Gestosi gravidica: cos’è, cause, sintomi, dieta e terapia

Sara Roversi
Sara Roversi
Indice

La gestosi gravidica, o preeclampsia, è una patologia che può manifestarsi durante la gravidanza (in particolare negli ultimi mesi) caratterizzata da ipertensione, edema e proteinuria (quantità elevata di proteine nelle urine). La patologia può apparire anche in donne non ipertese e senza problemi di salute precedenti alla gravidanza, ma è più frequente in donne ipertese, diabetiche, in sovrappeso o con familiarità per malattie metaboliche. La preeclampsia si presenta con sintomi sfumati ed aspecifici che possono evolvere gradualmente o apparire all’improvviso e può degenerare in eclampsia, se la gestosi non viene riconosciuta.
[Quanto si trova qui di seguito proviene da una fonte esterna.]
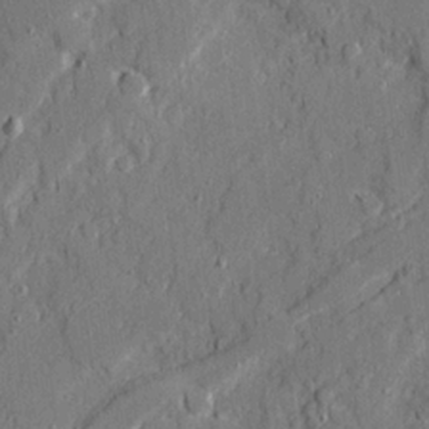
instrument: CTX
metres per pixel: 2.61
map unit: Ave
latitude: 20.8758
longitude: -128.7435
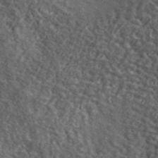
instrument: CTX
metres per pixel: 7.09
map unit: lHvf
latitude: 41.1970
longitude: -89.7828
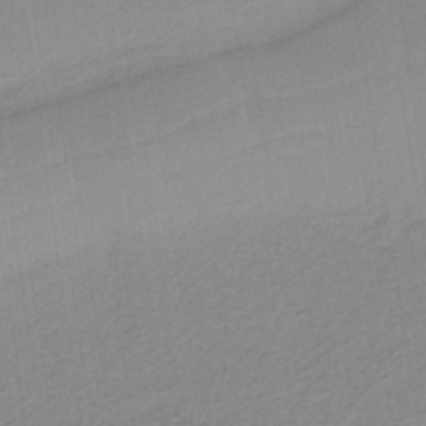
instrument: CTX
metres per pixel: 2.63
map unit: HNb
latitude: -36.5762
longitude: 55.8423
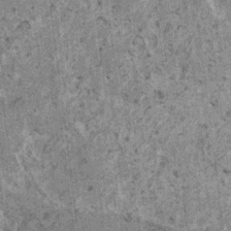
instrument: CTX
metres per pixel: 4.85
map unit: HNhu
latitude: 1.1970
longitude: 5.0864
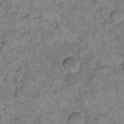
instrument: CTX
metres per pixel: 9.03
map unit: eHh
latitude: 12.9703
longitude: -65.1025
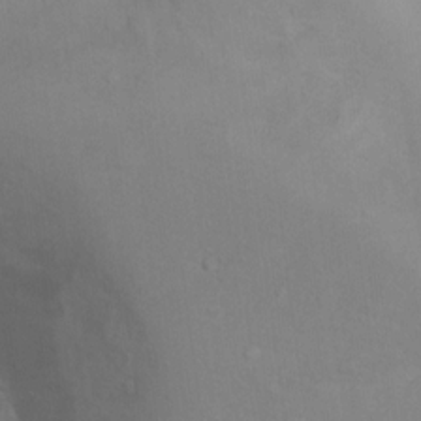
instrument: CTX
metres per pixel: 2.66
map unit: Nhu
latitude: 13.1970
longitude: -28.0822
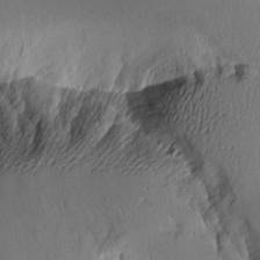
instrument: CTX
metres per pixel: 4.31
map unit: Aa
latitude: 10.3278
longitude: -127.0837
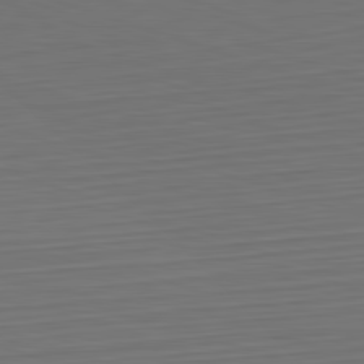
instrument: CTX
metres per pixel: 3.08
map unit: Hpe
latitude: -82.6707
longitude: 11.0487
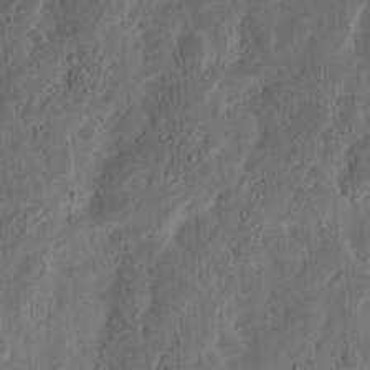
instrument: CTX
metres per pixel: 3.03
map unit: Nhu
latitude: 14.8569
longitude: -74.4223
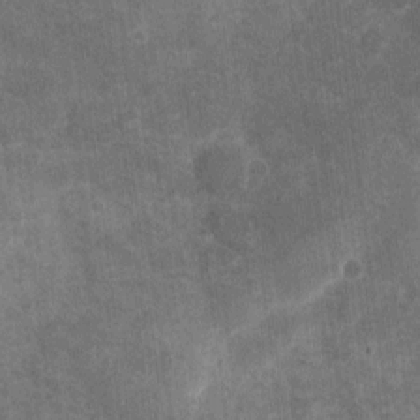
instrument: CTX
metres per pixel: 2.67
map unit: eHh
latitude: 4.6301
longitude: -71.6694

L’ipertensione è una delle cause principali della gestosi gravidica, anche se si ipotizza che ci siano concause da imputare a problemi della placenta. In alcuni casi la gestosi non comporta problemi, ma va tenuta attentamente sotto controllo perché pericolosa ed in grado di evolvere velocemente nell’eclampsia vera e propria, con rischio elevato di complicazioni molto gravi per madre e per il feto (attacchi epilettici, distacco di placenta). Si stima che la gestosi si verifichi nel 5% delle gravidanze. Vediamo in che cosa consiste la gestosi gravidica, come si sviluppa, quali sono i sintomi e come procedere per tenere sotto controllo la patologia.

Gestosi gravidica: cos’è?

La gestosi gravidica si verifica circa nel 5% delle gravidanze, solitamente dopo la 20esima settimana, ed è caratterizzata da:

  • Ipertensione: pressione arteriosa maggiore di 140/90 mmHg in due misurazioni successive ad almeno 6 ore di distanza
  • Proteinuria (presenza di proteine nelle urine maggiore di 0,3 g/24 ore)
  • Edema diffuso per ritenzione di liquidi

Nelle gestanti normotese possono improvvisamente apparire significative quantità di proteine nelle urine, mentre nelle gestanti già affette da proteinuria o ipertensione, nella preeclampsia si verifica un peggioramento di tali sintomi. La sempre maggiore incidenza di malattie croniche come il diabete e l’ipertensione porta un maggior numero di donne a soffrire di gestosi gravidica, anche se l’incidenza è probabilmente sottostimata perché molte forme sono lievi e difficili da riconoscere.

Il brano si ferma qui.